If you spend any time at all working with this population you understand that you're dealing with endemic poverty and crime issues. DCPS already does a ton and it absolutely helps kids on the margins where there may be issues but maybe they have a grandparent who can step in and help, or kids who are just wards of the state or living in shelters or foster care. But there are still tons of kids in DC who technically have custodial parents (or other family) but there's just so much dysfunction that school isn't a priority.


I thought you had to have an IEP (or 504) to get bussing. They bus kids from shelters? Never heard of that in DC specifically, but certainly have in the MD counties.


How else do you think kids in shelters get to school? Of course they do this.
Anonymous
Anonymous wrote:and this gem, but off topic:

More than 160 students — nearly 30 percent of the student body — at D.C.’s celebrated Duke Ellington School of the Arts live outside the city and are not paying the tuition required of suburbanites who attend the District’s public schools, an internal investigation has found.
The students’ cases have been forwarded to the D.C. attorney general’s office, which enforces laws against school residency fraud, city officials said Friday. Another 56 have been flagged for less clear-cut residency problems and are being given a week and a half to prove they live in the city, bringing the total number of students caught up in the fraud investigation to 220 out of the 570 enrolled at the Northwest Washington campus.



wowza
Anonymous
Anonymous wrote:
Anonymous wrote:and this gem, but off topic:

More than 160 students — nearly 30 percent of the student body — at D.C.’s celebrated Duke Ellington School of the Arts live outside the city and are not paying the tuition required of suburbanites who attend the District’s public schools, an internal investigation has found.
The students’ cases have been forwarded to the D.C. attorney general’s office, which enforces laws against school residency fraud, city officials said Friday. Another 56 have been flagged for less clear-cut residency problems and are being given a week and a half to prove they live in the city, bringing the total number of students caught up in the fraud investigation to 220 out of the 570 enrolled at the Northwest Washington campus.


wait, still?


That’s quoting an article from 2018.
Anonymous
Anonymous wrote:
Anonymous wrote:
Anonymous wrote:
Anonymous wrote:
Anonymous wrote:What about school buses for ES kids? At least they’d have a reliable way to get to school.
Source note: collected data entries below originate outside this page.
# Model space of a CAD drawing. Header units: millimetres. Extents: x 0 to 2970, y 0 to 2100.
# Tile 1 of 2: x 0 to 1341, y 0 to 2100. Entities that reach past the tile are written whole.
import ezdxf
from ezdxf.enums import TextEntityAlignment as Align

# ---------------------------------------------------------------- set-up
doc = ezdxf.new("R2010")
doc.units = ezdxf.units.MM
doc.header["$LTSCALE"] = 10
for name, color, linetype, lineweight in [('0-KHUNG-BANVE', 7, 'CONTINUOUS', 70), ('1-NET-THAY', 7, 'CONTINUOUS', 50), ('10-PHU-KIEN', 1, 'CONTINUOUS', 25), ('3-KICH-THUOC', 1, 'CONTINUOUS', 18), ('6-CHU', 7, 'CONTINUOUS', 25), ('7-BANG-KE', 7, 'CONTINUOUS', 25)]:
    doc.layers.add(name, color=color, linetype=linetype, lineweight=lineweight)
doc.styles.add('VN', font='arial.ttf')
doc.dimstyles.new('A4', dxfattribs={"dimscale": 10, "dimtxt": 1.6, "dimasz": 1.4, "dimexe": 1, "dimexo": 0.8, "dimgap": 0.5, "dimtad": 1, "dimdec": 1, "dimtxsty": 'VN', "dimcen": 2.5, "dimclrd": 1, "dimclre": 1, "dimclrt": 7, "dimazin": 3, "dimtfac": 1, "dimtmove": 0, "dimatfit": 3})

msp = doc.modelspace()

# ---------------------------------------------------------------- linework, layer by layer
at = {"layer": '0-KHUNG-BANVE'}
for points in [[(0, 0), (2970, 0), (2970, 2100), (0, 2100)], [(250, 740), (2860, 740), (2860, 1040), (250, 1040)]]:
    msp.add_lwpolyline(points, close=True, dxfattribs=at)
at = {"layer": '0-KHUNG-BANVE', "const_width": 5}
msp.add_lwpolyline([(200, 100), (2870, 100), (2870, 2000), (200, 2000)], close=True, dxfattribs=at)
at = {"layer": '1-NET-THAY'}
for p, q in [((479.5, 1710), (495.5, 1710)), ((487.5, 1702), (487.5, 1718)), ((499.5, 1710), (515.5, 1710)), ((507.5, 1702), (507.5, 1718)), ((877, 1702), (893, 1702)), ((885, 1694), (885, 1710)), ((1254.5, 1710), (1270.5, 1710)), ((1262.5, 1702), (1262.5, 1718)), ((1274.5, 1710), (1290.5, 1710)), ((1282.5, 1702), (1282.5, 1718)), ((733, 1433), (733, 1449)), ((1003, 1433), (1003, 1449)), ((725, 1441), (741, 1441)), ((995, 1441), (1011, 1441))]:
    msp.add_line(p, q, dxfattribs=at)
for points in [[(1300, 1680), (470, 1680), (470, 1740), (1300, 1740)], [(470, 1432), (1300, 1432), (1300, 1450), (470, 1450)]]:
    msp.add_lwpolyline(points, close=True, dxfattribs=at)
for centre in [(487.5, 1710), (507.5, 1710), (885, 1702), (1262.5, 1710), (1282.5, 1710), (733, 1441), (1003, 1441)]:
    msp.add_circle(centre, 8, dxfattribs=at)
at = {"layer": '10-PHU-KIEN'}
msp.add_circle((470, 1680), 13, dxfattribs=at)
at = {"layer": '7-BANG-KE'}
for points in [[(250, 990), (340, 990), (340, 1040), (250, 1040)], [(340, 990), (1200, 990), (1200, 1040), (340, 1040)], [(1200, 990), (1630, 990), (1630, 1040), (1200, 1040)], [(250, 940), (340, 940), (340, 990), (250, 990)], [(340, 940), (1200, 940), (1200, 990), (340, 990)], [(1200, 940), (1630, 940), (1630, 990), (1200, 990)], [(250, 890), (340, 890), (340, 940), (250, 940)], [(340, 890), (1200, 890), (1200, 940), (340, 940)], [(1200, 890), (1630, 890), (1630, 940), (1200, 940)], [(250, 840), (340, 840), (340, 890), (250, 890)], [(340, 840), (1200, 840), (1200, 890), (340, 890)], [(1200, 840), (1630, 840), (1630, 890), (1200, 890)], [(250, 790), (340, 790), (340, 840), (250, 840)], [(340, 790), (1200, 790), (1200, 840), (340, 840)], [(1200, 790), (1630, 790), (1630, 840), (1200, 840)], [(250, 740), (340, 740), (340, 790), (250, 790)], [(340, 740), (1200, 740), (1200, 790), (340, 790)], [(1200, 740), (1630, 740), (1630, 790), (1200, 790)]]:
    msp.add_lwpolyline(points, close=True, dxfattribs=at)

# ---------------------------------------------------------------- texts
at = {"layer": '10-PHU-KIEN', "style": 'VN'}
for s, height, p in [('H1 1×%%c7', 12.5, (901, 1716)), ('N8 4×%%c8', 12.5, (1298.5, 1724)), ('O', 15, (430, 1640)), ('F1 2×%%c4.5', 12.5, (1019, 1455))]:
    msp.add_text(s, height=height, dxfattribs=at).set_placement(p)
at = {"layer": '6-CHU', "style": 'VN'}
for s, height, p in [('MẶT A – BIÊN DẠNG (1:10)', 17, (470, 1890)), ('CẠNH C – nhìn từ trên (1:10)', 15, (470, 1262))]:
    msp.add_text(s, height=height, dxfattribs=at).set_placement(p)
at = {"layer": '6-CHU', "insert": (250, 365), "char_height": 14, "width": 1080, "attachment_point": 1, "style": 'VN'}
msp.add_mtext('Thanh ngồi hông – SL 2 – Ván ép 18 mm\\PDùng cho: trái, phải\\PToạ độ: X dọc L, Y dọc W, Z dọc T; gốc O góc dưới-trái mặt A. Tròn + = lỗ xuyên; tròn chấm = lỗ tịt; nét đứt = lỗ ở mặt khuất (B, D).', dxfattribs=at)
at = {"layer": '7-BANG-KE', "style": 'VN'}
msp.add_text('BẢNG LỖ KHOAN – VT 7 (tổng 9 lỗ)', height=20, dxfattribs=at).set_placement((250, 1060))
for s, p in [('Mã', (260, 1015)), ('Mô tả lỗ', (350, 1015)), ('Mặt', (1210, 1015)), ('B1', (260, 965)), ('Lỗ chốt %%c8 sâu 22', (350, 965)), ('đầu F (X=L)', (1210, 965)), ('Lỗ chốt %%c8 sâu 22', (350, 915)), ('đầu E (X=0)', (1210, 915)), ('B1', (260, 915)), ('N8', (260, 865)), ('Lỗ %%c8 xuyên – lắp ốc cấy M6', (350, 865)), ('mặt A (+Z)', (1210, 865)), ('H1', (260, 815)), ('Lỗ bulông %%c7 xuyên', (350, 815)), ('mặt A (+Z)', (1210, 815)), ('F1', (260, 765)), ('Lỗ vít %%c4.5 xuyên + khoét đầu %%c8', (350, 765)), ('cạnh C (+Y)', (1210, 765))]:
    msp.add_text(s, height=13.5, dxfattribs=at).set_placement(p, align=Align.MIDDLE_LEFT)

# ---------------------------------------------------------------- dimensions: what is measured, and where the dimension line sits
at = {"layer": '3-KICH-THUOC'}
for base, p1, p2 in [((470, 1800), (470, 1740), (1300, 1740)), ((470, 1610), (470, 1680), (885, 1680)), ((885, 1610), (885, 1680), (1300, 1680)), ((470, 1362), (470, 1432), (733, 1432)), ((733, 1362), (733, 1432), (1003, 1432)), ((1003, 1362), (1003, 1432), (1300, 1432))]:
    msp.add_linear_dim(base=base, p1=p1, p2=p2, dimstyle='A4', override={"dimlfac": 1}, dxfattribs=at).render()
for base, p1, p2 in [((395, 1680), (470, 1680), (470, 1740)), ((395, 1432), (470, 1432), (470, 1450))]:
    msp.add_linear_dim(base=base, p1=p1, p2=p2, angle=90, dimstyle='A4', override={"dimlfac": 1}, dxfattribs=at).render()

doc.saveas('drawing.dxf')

I assume you are sitting in your house in the suburbs with such a dumb suggestion. The majority of DCPS kids walk to school. Are you suggesting that absentee parents who can walk their kids to school on their own schedule are MORE likely to get their kids to a bus stop on time? Isn't there a Fairfax meeting you can go attend?


Have you ever seen a kindergartner walking themselves and their preK sibling to school for 3/4 of a mile so they can have something to eat? I have. But sometimes they can’t make it alone and stay home. A bus isn’t perfect but it would help a lot of kids get to school safely.

But thanks for your input.




There actually are buses in DCPS. Most often used for unhoused kids (coming from shelters or other temp housing) but can also be used for kids in other at risk categories IF the school district can figure out a way to do it. But for kids in bad situations their housing and home life may simply not be consistent enough for a bus to be the solution. It doesn't work if you are sleeping in a different home every week. It doesn't work if the issue is your parent/guardian is high every day and doesn't even think about getting you up and ready for school. And so on.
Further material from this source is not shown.